[whatwg] fixing the authentication problem
webmartians at verizon.net
Tue Oct 21 17:28:58 PDT 2008
Somewhere, is there a definition of "trust" in this context? I say that in all seriousness; it's not a facetious remark. I feel that
it might be useful.
From: whatwg-bounces at lists.whatwg.org [mailto:whatwg-bounces at lists.whatwg.org] On Behalf Of Eduard Pascual
Sent: Tuesday, 2008 October 21 19:40
To: Kristof Zelechovski; Andy Lyttle; whatwg at lists.whatwg.org
Subject: Re: [whatwg] fixing the authentication problem
On Tue, Oct 21, 2008 at 4:35 PM, Kristof Zelechovski <giecrilj at stegny.2a.pl> wrote:
> Sending any data, including, log-in data, through an unencrypted
> connection is greeted by a warning dialogue box in Internet Explorer.
Only the first time. IIRC, the "don't display this again" checkbox is checked by default.
> A similar precaution is taken when the server certificate is not trusted.
Not similar at all: for unencrypted connections, you have the "don't bother me again" option, in the form of an obvious checkbox;
while with self-signed certificates you are "warned" continuously; with the only option to "install" the certificate on your system
to trust it (which is a non-trivial task; out of the reach for most average users; still annoying even for web professionals; and,
to top it up, you need to do it on a site-by-site basis).
It doesn't make any sense for UAs to treat unencrypted connections as safer than (some) encrypted ones: that's simply wrong.
> The risk of using an invalid certificate is bigger than not using any
> because your level of trust is bigger while you are equally unprotected.
That's, simply put, not true. The "level of trust" doesn't actually depend (for average users) on the certificate at all, but on
what the browser says about it.
The level of protection, instead, is independent from the user, and it's not the same for each case:
On an unencrypted connection, everyone could read the data being sent.
This is no protection at all.
On a connection encrypted with a self-signed certificate, the user can rest assured that the data is only readable by the server,
regardless of who is actually behind that server. There is some protection here, even if it's not the most possible.

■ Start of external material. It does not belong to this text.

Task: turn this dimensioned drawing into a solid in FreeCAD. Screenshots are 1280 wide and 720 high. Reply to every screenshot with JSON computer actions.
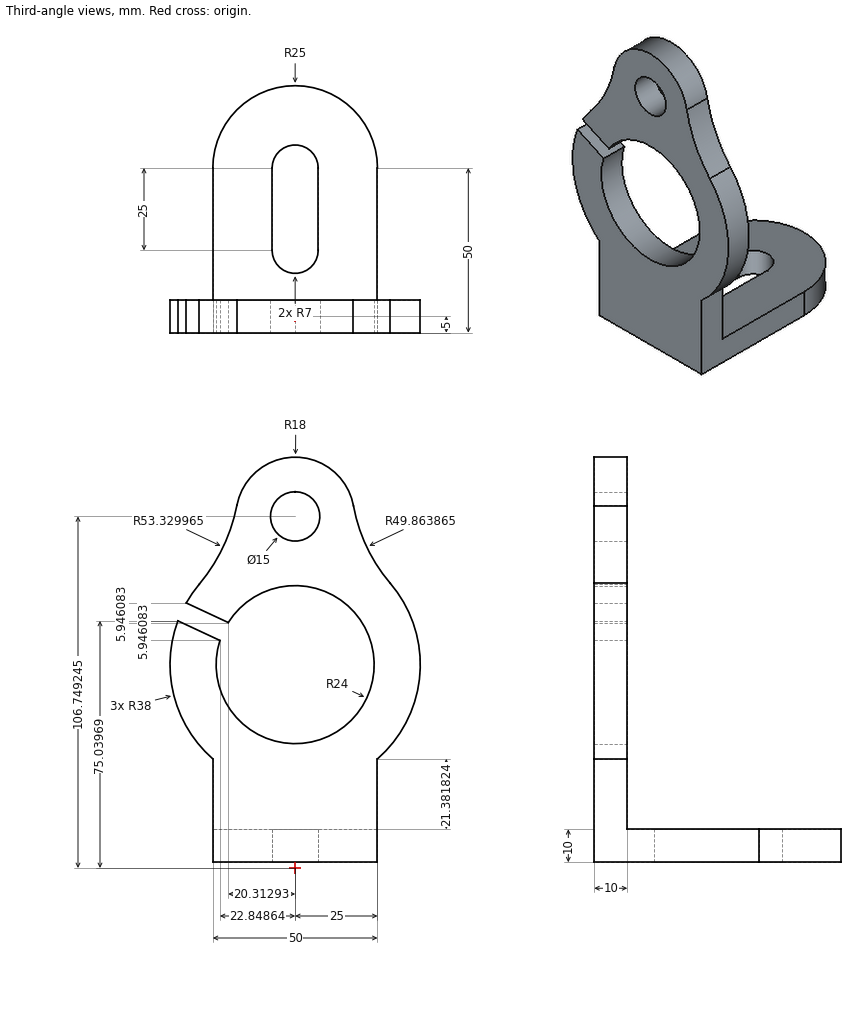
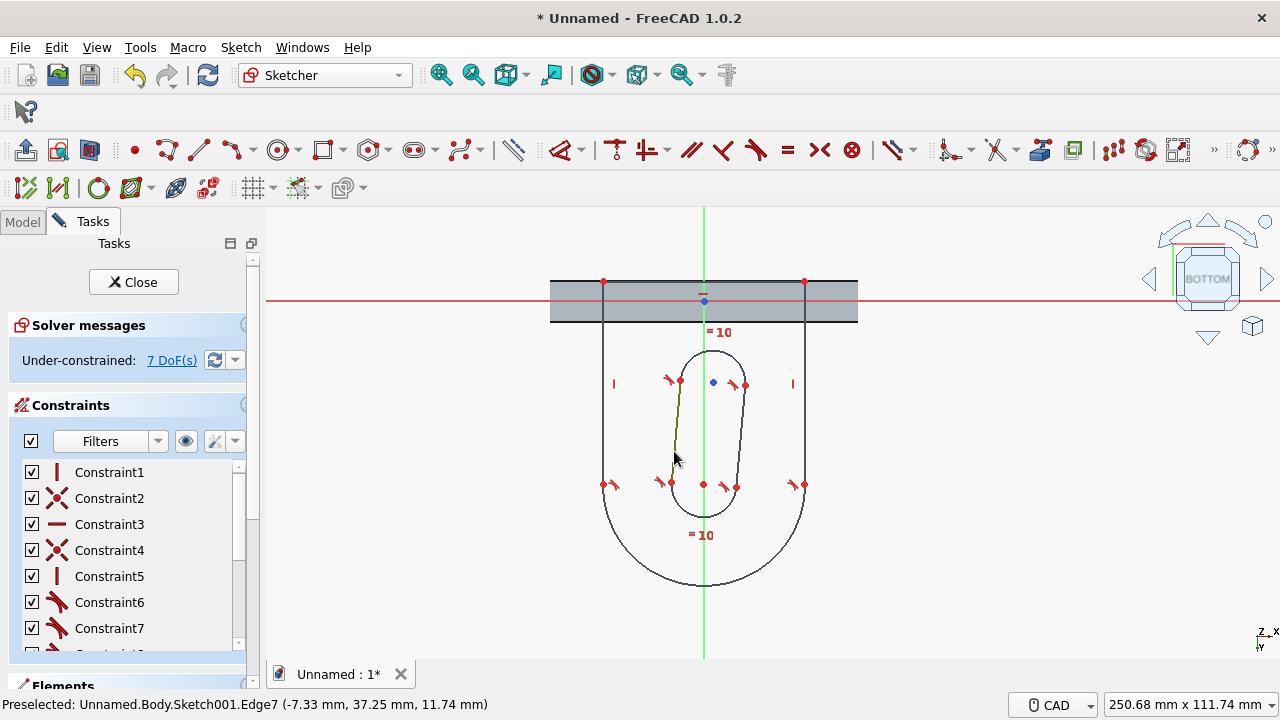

On an encrypted connection with a CA-signed cert, the user has the protection from encryption (only the server will be able to read
the data), plus the guarantee that the CA has taken care to verify that the entity in charge of that server is who it claims to be.
> It is not enough to make sure that your credentials do not
> unintentionally leave <example.com>.
> Consider the following scenario:
> 1. You want to update your blog at <blog.com> 2. <Evil.org> poses as
> <blog.com> by phishing or DNS poisoning.
> 3. You log in to <evil.org> using your credentials of <blog.com>.
> 4. The bad guys at <evil.org> use your credentials to post an entry at
> <blog.com> that you are going to deploy a dirty bomb in NYC.
> 5. You travel to the USA and you end up in Guantanamo.
> Nice, eh?
Although I'm not sure what do you mean by "<Evil.org> poses as <blog.com>", I see no point in Aaron's original suggestion that would
deal with such a case.
In summary, besides UAs' paranoia, I can't see any case where the suggested feature would provide anything self-signed certificates
don't already provide. And since it involves using public-key encryption, I don't see any reason why UAs would treat the encryption
keys differently from current SSL certificates.
On Tue, Oct 21, 2008 at 6:08 PM, Andy Lyttle <whatwg at phroggy.com> wrote:
> 4. The need for a dedicated IP address, instead of using name-based
> virtual hosts.
> That and #1 are the reasons I don't use it more.
#4 is, again, a cost, but not an expensive one: most of the hosts I know of offer dedicated IP for a fee that's just a fraction of
the actual hosting price.
And, about #1, I just read my points about self-signed certificates in this and my previous mail.